8a. Analysis of Variance
In this chapter we graduate from teenage statistics to adult statistics! Analysis of Variance is a technique that is very widely used in the analysis of data in psychology and many other disciplines. It is a system of analysis that is very flexible, and it is based on a statistical concept called the general linear model. Once you learn how to use it, you can adapt it to nearly any situation.
Our tasks for this lesson include grasping the concept of partitioning variance into different buckets, like treatment effects vs. error, or between-groups vs. within-groups variance. Next, we will have a look at why Analysis of Variance is needed to analyze data from experimental designs with more than 2 groups. In particular we will examine the dangers of inflating the risk of Type I error, or alpha. And finally, we will demystify the analysis of variance system by conducting a one-way ANOVA. Just to give a little preview, in the following lessons, we will learn how to follow up on ANOVA with planned contrasts and post hoc tests, and then we will progress to a two-way ANOVA with factorial analysis.
The most important concept to grasp in order to intuitively understand what analysis of variance does, is the partitioning of variance. Variance should be a familiar concept by now. Variance is a statistic that summarizes the extent to which the individual scores in a dataset are spread out from the mean. It is calculated by the following steps:
Steps to calculate variance (sample-based estimate for a population)
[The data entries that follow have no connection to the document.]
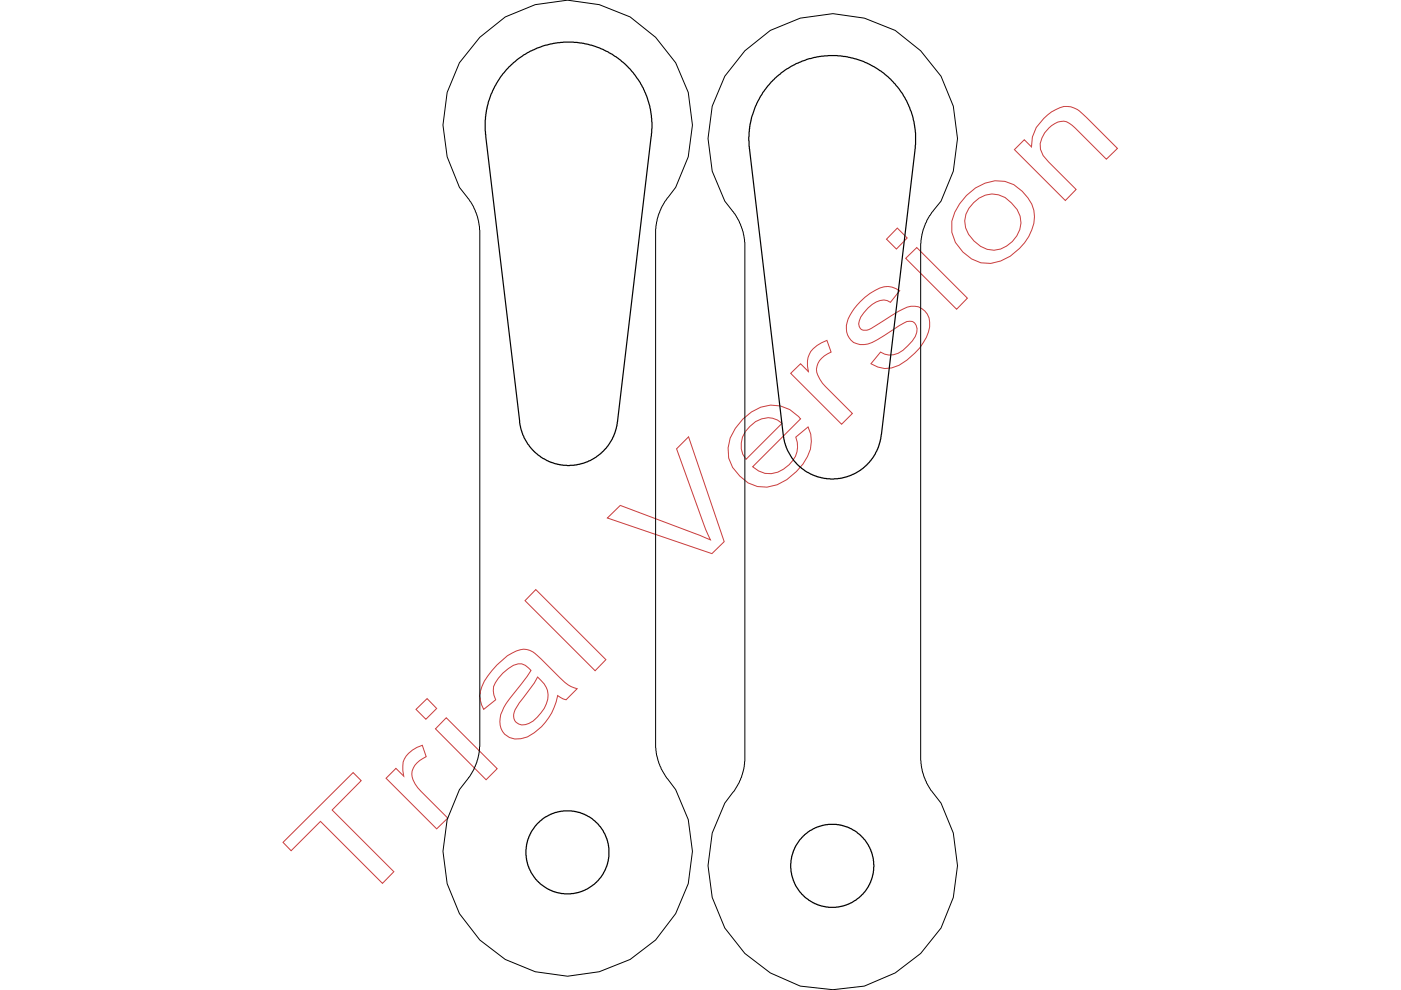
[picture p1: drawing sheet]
<svg xmlns="http://www.w3.org/2000/svg" width="297mm" height="210mm" viewBox="0 0 297 210" stroke-linecap="round" stroke-linejoin="round" font-family="sans-serif">
<g fill="none" stroke="#c83c3c" stroke-width=".21">
<path d="M221.3 25.1a8.7 8.7 0 0 1 4.3-2.5 4.9 4.9 0 0 1 3.9 1.5l7.4 7.4-2.3 2.3-6.6-6.6a3.8 3.8 0 0 0-3.1-1.4 5.8 5.8 0 0 0-4.4 4.7l.1 1.2 .6 1.3 1.1 1.3 5.9 5.9-2.3 2.3-10.8-10.8 2.1-2.1 1.5 1.6 .2-2.1 .8-2.1zM190.2 48.4l2.1 2.1-2.2 2.3-2.1-2.1zM192 54.8l2.4-2.3 10.7 10.7-2.3 2.4zM204.9 41.4a9.1 9.1 0 0 1 8.1-2.9 8.5 8.5 0 0 1 6.3 7.4 11.1 11.1 0 0 1-9.2 10 8.2 8.2 0 0 1-8.3-6.7 9.5 9.5 0 0 1 3.1-7.8zM206.4 43a5.2 5.2 0 0 1 8 0 5.3 5.3 0 0 1 .2 8.2 5.3 5.3 0 0 1-8.1-.1 5.2 5.2 0 0 1-.1-8.1zM172.4 73.9l.8-.6 2.1-1.1 .9 2.4a4.1 4.1 0 0 0-3 4.3 7.5 7.5 0 0 0 1.9 3.1l5.6 5.7-2.3 2.3-10.8-10.8 2.1-2.1 1.7 1.7a4.7 4.7 0 0 1 1-4.9zM182.4 64a9.7 9.7 0 0 1 5.9-3.3l.8 .2 1.7 .7-2 2.5a2.65 2.65 0 0 0-3.1-.1 7.3 7.3 0 0 0-3.6 4.7 1.4 1.4 0 0 0 2.1 1.2l3.1-1.9a19.1 19.1 0 0 1 5.9-3.1 3.6 3.6 0 0 1 3.9 4.4 12.1 12.1 0 0 1-8.1 8.7l-1.4 .1-1.5-.3-1.4-.7 2-2.5a4.3 4.3 0 0 0 5.8-1.3 4.1 4.1 0 0 0 1.7-4.3 1.58 1.58 0 0 0-2.6-.5l-2.3 1.4a21.5 21.5 0 0 1-5.3 3 3.5 3.5 0 0 1-3.7-.9 3.5 3.5 0 0 1-.7-3.8l1-2zM143.4 95.2l2.6-2.6 7.5 22.2-2.6 2.6-22.1-7.6 2.7-2.6 19.1 7.3-1-2.3zM157.5 88.9a8.2 8.2 0 0 1 9.9-2.1l2.3 2-10.1 10.2a5.3 5.3 0 0 0 7.7-.5 5.1 5.1 0 0 0 1.4-5.8l2.6-2.2a7.3 7.3 0 0 1-1.1 7.9 11.5 11.5 0 0 1-7.6 4.9l-2-.1a9.2 9.2 0 0 1-6.1-6.1 8.9 8.9 0 0 1 3-8.2zM159 90.4a4.6 4.6 0 0 1 6.8-.6l-7.6 7.6a5.1 5.1 0 0 1 .8-7zM113.6 125l14.9 14.9-2.3 2.3-14.9-14.8zM86.6 159.7l1.8-1.2 1.1-.5 .9 2.4a4.1 4.1 0 0 0-3 4.3 6.6 6.6 0 0 0 1.9 3.1l5.6 5.7-2.3 2.2-10.7-10.7 2-2.1 1.7 1.7a5.4 5.4 0 0 1 .5-4.3z"/>
<path d="M88.2 150.4l2.4-2.3 2 2.1-2.3 2.3zM94.6 152.2l10.8 10.8-2.3 2.3-10.8-10.8zM105.4 140.9a9.9 9.9 0 0 1 5.6-3.3 5.2 5.2 0 0 1 3.7 2.1l4 4a7 7 0 0 0 3.7 2.3l-2.4 2.4-.6-.2-1.2-.7a12.4 12.4 0 0 1-6.4 8.7 4.1 4.1 0 0 1-5.2-1.1 5.5 5.5 0 0 1 .7-5.8l5.3-7.2a2.92 2.92 0 0 0-3.8-1 9.5 9.5 0 0 0-4.2 4.5l.1 1.8 .4 1-2.5 2a5.5 5.5 0 0 1 .1-6l1.6-2.3zM114 143.5a4.8 4.8 0 0 1 2.1 4.7 8.6 8.6 0 0 1-4 5.2 2.09 2.09 0 0 1-2.7-.2 2.09 2.09 0 0 1-.2-2.7l.9-1.5 3.2-4.2zM60 178.6l14.9-14.8 1.7 1.7-6.2 6.2 13.1 13.1-2.4 2.5-13.2-13.1-6.2 6.2z"/>
</g>
<g fill="none" stroke="#000" stroke-width=".25">
<path d="M107.9 14.2l2.9-2.4a17.3 17.3 0 0 1 8.7-2.9l2.9 .1 2.3 .4 3.6 1.3a19.1 19.1 0 0 1 6.3 5.2 17.4 17.4 0 0 1 3.4 7.8l.2 2.2-.1 2.9-7.2 60.6-.5 2.5-.6 1.2-.9 1.4-1.5 1.7-2.4 1.5-2.2 .8-2 .2-2.6-.2-2.2-.8-1.3-.8-.8-.7a9.9 9.9 0 0 1-3.7-6.9l-7.3-61.5v-2.4l.2-2 .4-1.6 .8-2.2a17.8 17.8 0 0 1 3.6-5.4zM163.5 17.4l2.1-1.9 2.4-1.6a16.6 16.6 0 0 1 7.6-2.1h1.9l2.1 .2 3.5 1.1 1.6 .8a18 18 0 0 1 5.9 4.9l.9 1.2a18.4 18.4 0 0 1 2.6 8.2v3.3l-7.3 61.5-.7 2.2-.9 1.6-.9 1.3-1.3 1.2-1.5 .9-1.1 .6-1.9 .6a12.3 12.3 0 0 1-4.4-.1l-1.4-.4-1.7-.9-1.5-1-.8-.9-.9-1.1-.9-1.7-.8-2.6-7.3-61.7v-1.9l.3-3 1-3.3 .7-1.5a15.8 15.8 0 0 1 2.7-3.9z"/>
<circle cx="120.3" cy="180.7" r="8.8"/>
<circle cx="176.5" cy="183.5" r="8.8"/>
</g>
<path d="M101.7 7.9l5.4-4.3 6.4-2.6 6.8-1 6.8 1 6.5 2.6 5.4 4.3 4.3 5.4 2.6 6.3 .9 6.9-.9 6.7-2.6 6.5-2.1 2.7a10.2 10.2 0 0 0-1.7 3.5l-.5 2.6v110l.3 1.8 .8 2.6 1.3 2 1.9 2.5 2.6 6.4 .9 6.7-.9 6.9-2.6 6.3-4.3 5.6-5.4 4.1-6.5 2.6-6.8 1-6.8-1-6.4-2.6-5.4-4.1-4.3-5.6-2.6-6.3-.9-6.9 .9-6.7 2.6-6.4 2.1-2.6 1-1.8 .8-2 .4-2.7v-109.5l-.2-1.9-.7-2.2-1-1.9-2.4-3.1-2.6-6.5-.9-6.7 .9-6.9 2.6-6.3zM157.9 10.8l5.4-4.4 6.4-2.6 6.9-.9 6.7 .9 6.5 2.6 5.4 4.4 4.3 5.4 2.6 6.3 .9 6.9-.9 6.9-2.6 6.3-2.4 3.1-.9 1.8-.7 2.3-.3 1.9v109.5l.4 2.5 .8 2.2 1 1.6 2.1 2.8 2.6 6.3 .9 7-.9 6.7-2.6 6.5-4.3 5.4-5.4 4.1-6.5 2.8-6.7 .7-6.9-.7-6.4-2.8-5.4-4.1-4.2-5.4-2.7-6.5-.9-6.7 .9-7 2.7-6.3 1.9-2.6 1.2-1.9 .7-2.1 .4-2.3v-110l-.5-2.8a11.3 11.3 0 0 0-1.8-3.5l-1.9-2.5-2.7-6.3-.9-6.9 .9-6.9 2.7-6.3z" fill="none" stroke="#000" stroke-width=".21"/>
</svg>

- Take the distance (“deviation”) of each score from the mean.
- Next, Square each distance to get rid of the sign (because some deviations will be negative).
- Add up all the resulting “squared deviations”. This number is known as “sum of squares” (SS).
- Divide the SS by the number of scores minus 1.
This gives us an estimated variance based on a sample, that is appropriate to use in statistical analysis, in which we want to use the differences between sample means to make inferences about the differences between population means.
The way the partitioning of variance works is this. Differences among scores exist for all sorts of reasons. One of those reasons is the one we are actually interested in. Systematic difference cause by treatments or associated with known characteristics of interest are the differences we are hoping to see in the data. The difference in amount of sleep that can be attributed to the effects of a new drug. The difference in mood specifically caused by chocolate. These are difference between groups, or between samples, that can be explained by the variable of interest.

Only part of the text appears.